__Exercise instructions__: Go through the records below line by line, counting those that contain the word "Zapier"; answer with the count only.

__Provided information__:
==*==
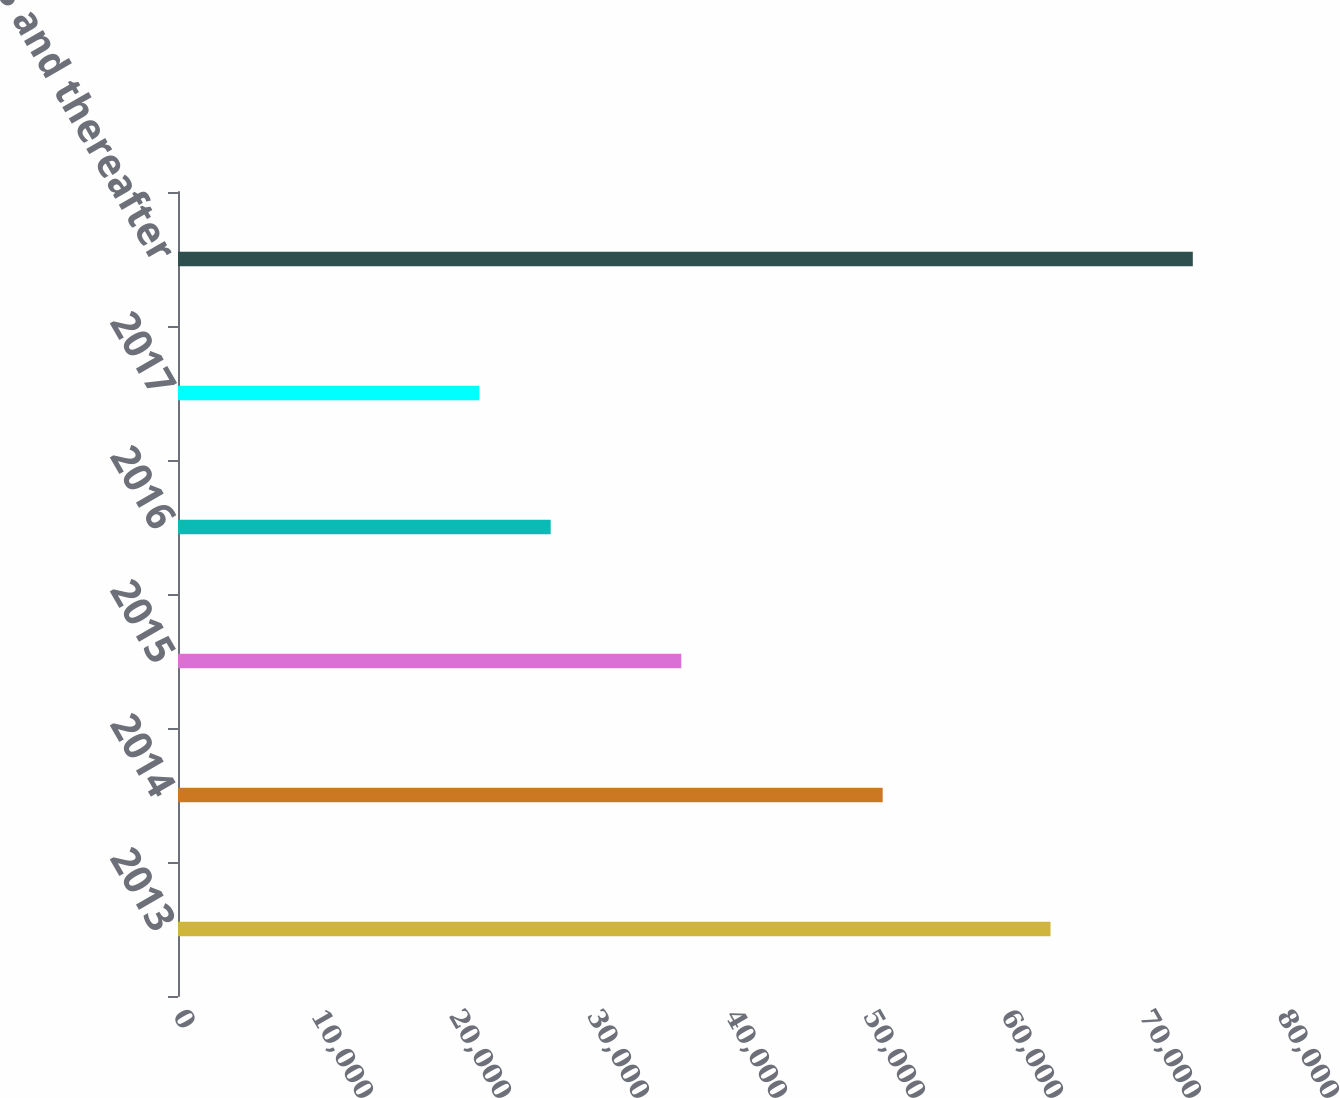Convert chart. <chart><loc_0><loc_0><loc_500><loc_500><bar_chart><fcel>2013<fcel>2014<fcel>2015<fcel>2016<fcel>2017<fcel>2018 and thereafter<nl><fcel>63228<fcel>51064<fcel>36470<fcel>27007<fcel>21837<fcel>73537<nl></chart> 
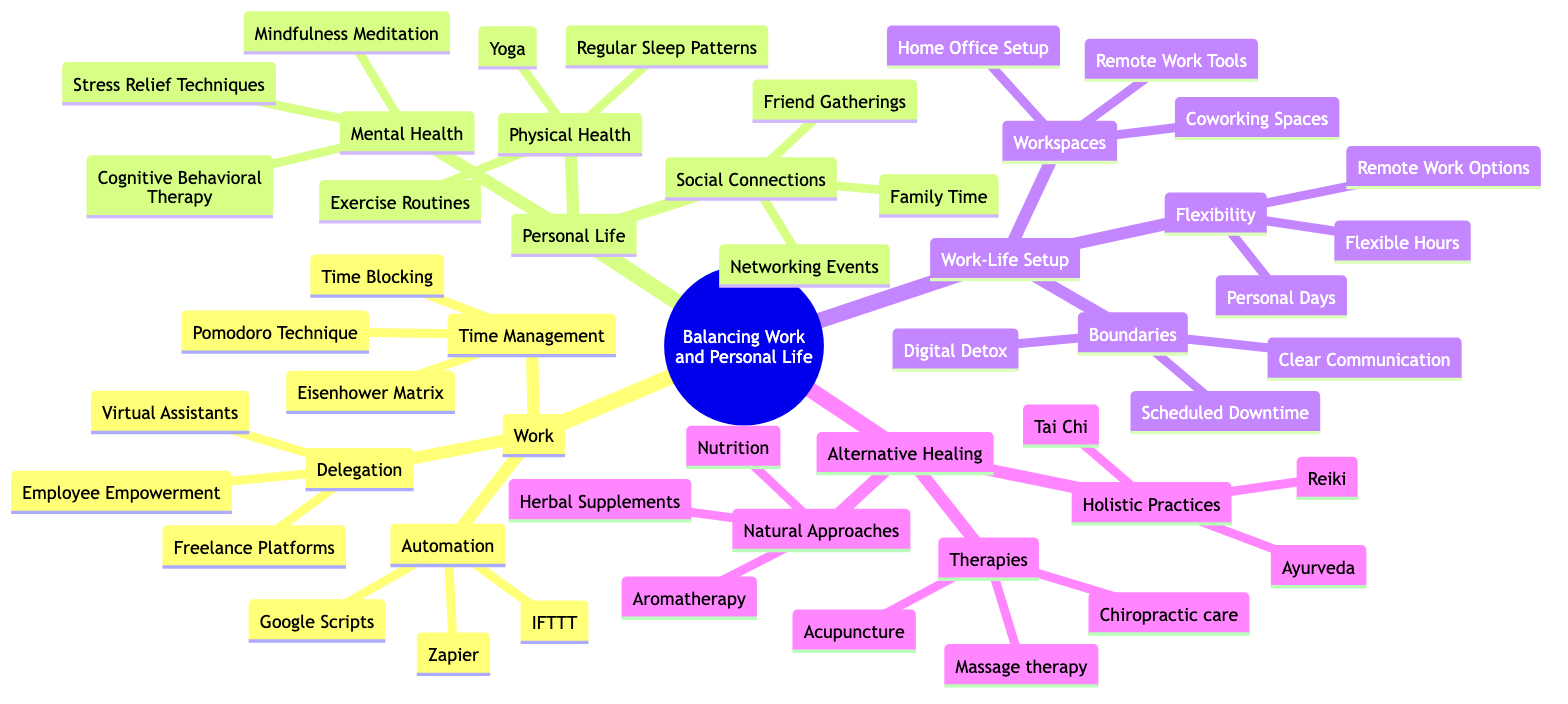What are the three main areas of focus in balancing work and personal life? The diagram lists three main areas: 'Work', 'Personal Life', and 'Work-Life Setup'. These areas encompass various strategies and practices for managing balance.
Answer: Work, Personal Life, Work-Life Setup How many techniques are listed under Time Management? Under the 'Time Management' section, there are three techniques: Pomodoro Technique, Eisenhower Matrix, and Time Blocking. Thus, the count is three.
Answer: 3 What types of natural approaches are suggested? The 'Natural Approaches' section includes three types: Herbal Supplements, Aromatherapy, and Nutrition. These are aimed at providing alternative healing options.
Answer: Herbal Supplements, Aromatherapy, Nutrition Which element is a part of both Mental Health and Physical Health sections? The 'Stress Relief Techniques' is part of the Mental Health section, while physical health practices are listed in practices such as Yoga and exercise routines; however, it directly indicates that stress management contributes to both categories.
Answer: Stress Relief Techniques What kind of workspaces are mentioned? The 'Workspaces' section mentions three types: Home Office Setup, Coworking Spaces, and Remote Work Tools, which help create an effective work environment.
Answer: Home Office Setup, Coworking Spaces, Remote Work Tools What is a method under Flexibility for improving work-life balance? The 'Flexibility' section includes various options, among which 'Flexible Hours' is a method highlighted to improve work-life balance.
Answer: Flexible Hours How many therapies are listed under Alternative Healing? There are three therapies indicated under the 'Therapies' section in Alternative Healing: Acupuncture, Chiropractic care, and Massage therapy. Therefore, the total is three.
Answer: 3 Which social connection activity is mentioned for personal life? The section on 'Social Connections' lists 'Family Time' as one of the activities, highlighting its importance for maintaining a balanced personal life.
Answer: Family Time What is a technique included in the Automation category? The 'Automation' section includes three techniques, one of which is 'Zapier', known for automating tasks.
Answer: Zapier
==*==
__Answer space__: 2